De Raad constateert in de vrijdag gepubliceerde position paper dat de kabinetsplannen met name een stijging van de toevoegingsvergoedingen beogen als gevolg van een daling van het aantal toevoegingen, voorkoming van procedures en nieuwe inkoopmodellen. Hoewel de Raad erkent dat er op deze manier financiële ruimte ontstaat, vereist de stelselvernieuwing extra investeringen en exploitatiekosten, en blijkt ‘de haalbaarheid van de perspectieven erg onduidelijk’.
En gezien de onduidelijkheid over de haalbaarheid van de plannen, ‘vraagt de overheid feitelijk aan advocaten om diensten te blijven leveren tegen een tarief waarvan vaststaat dat het te laag is,’ aldus de Raad. ‘Daarmee groeit het risico dat advocaten dat niet meer willen doen. In het personen- en familierecht is die trend al waarneembaar.’ De draagvlak voor vernieuwing van het stelsel zal volgens de raad zeker verbeteren als er ‘perspectief op inkomensverbetering’ is.

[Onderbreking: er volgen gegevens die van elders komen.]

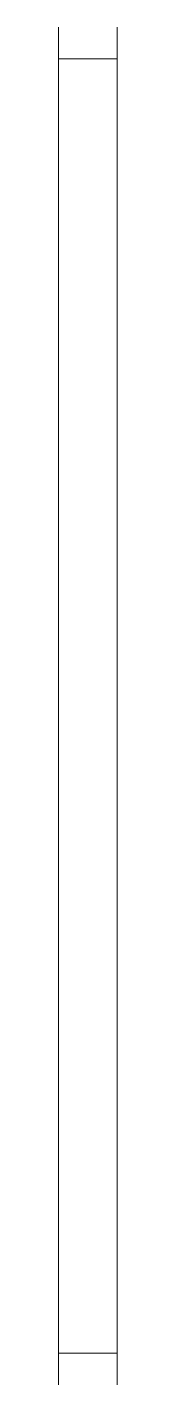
# Model space of a CAD drawing. Header units: millimetres. Extents: x -1.3 to 0, y -15 to 15.
import ezdxf

# ---------------------------------------------------------------- set-up
doc = ezdxf.new("R2010")
doc.units = ezdxf.units.MM
doc.header["$LTSCALE"] = 0.5
doc.layers.get('0').update_dxf_attribs({"color": 9, "lineweight": 15})

msp = doc.modelspace()

# ---------------------------------------------------------------- linework, layer by layer
at = {"ltscale": 0.5}
for p, q in [((-1.3, 15), (-1.3, -15)), ((0, 15), (0, -15)), ((-1.3, 14.3), (0, 14.3)), ((-1.3, -14.3), (0, -14.3))]:
    msp.add_line(p, q, dxfattribs=at)

doc.saveas('drawing.dxf')

Bovendien daalt het aantal afgegeven toevoegingen al sinds 2015, merkt de raad op, een trend die in 2018 verder heeft doorgezet. Het aantal daadwerkelijk gedeclareerde toevoegingen zit hier nog eens onder. Exacte cijfers over 2018 zijn nog niet beschikbaar; wel is bekend dat er in 2017 ruim 283.000 toevoegingsgebruikers waren, gezamenlijk goed voor ruim 415.000 toevoegingen.
Een groot deel hiervan wordt afgegeven in zaken van burgers tegen de overheid, geeft de Raad voor Rechtsbijstand aan, bijvoorbeeld na een wijziging van de regelgeving in voorzieningen. ‘Dit is een van de verklaringen voor het grote aantal toevoegingen in kwesties met de overheid. Overigens zou bij de desbetreffende (overheids-)organisaties onderzocht kunnen worden of verbetering van de procesgang mogelijk is. Voorstellen daartoe zagen wij niet’.
De stelling van de minister dat de kwaliteit van het toevoegingsstelsel ‘een blackbox’ is, wijst de raad af. Gebruikers van toevoegingen blijken zeer tevreden te zijn over hun advocaten, blijkt uit onderzoek. Gebruikers in strafrechtzaken geven hun advocaat gemiddeld een 8,3 en in niet-strafrechtelijke zaken een 7,7.